There is a tsunami coming to commercial real estate: mounting financial obligations with no ability to pay in full. State-mandated, short-term moratoria on evictions and foreclosures do not solve the problem. Here’s the good news: the Federal Government can solve the problem with a practical approach that requires very limited financial expenditures.

First, let’s face reality. For both office and retail tenants, the utility of office and retail space has changed for the foreseeable future (until there is a vaccine). Even then, business executives have learned that a lot of work previously done in an office can be done from home and those executives will shed space, much in the same way that technology advances led them to shed workers since the mid-1990’s. Fear and regulation will make discretionary retail virtually unprofitable until there is a vaccine and thereafter brick and mortar retail will have to offer a different and, more costly, value proposition to offset the convenience of online shopping. Amazon is here; Amazon is everywhere; Amazon is not going away.
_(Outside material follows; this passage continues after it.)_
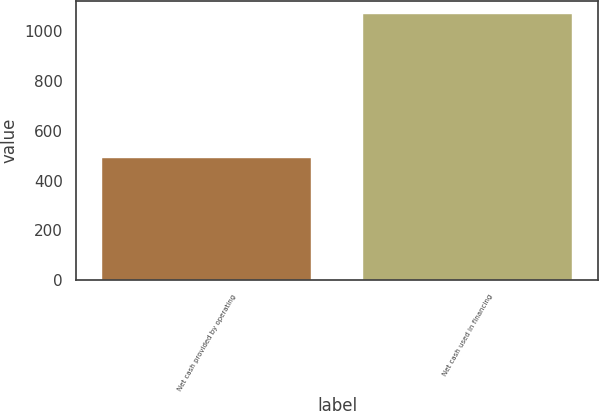Convert chart to OTSL. <chart><loc_0><loc_0><loc_500><loc_500><bar_chart><fcel>Net cash provided by operating<fcel>Net cash used in financing<nl><fcel>491<fcel>1068<nl></chart> 
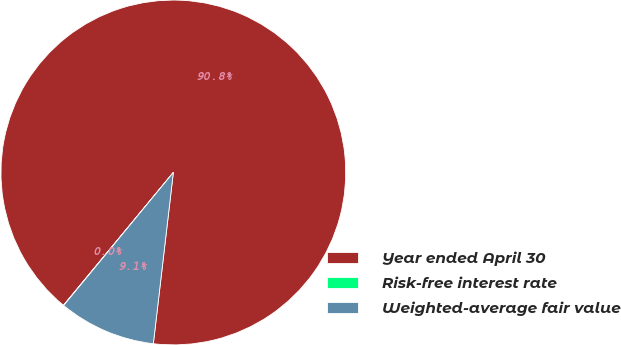<chart> <loc_0><loc_0><loc_500><loc_500><pie_chart><fcel>Year ended April 30<fcel>Risk-free interest rate<fcel>Weighted-average fair value<nl><fcel>90.85%<fcel>0.03%<fcel>9.12%<nl></chart>

In the short term, cash flow shortfalls will drive office and retail tenants to try to void their lease obligations. Currently, big box retailers like Victoria Secret and Bed, Bath and Beyond are litigating to end their NYC leases. While the NY courts (and many other jurisdictions) are not amenable to impossibility and frustration of purpose arguments, these cases are just precursors to lease defaults and tenant bankruptcies. Moreover, asset managers of huge swaths of commercial and retail properties simply do not have the discretion or authority to renegotiate leases to address the current circumstances. If a tenants do not have the cash flow to pay rent in full, evictions will follow as well damage actions for lost rent. In these circumstances, bankruptcy filings by commercial and retail tenants become a question of “when” and not “if.”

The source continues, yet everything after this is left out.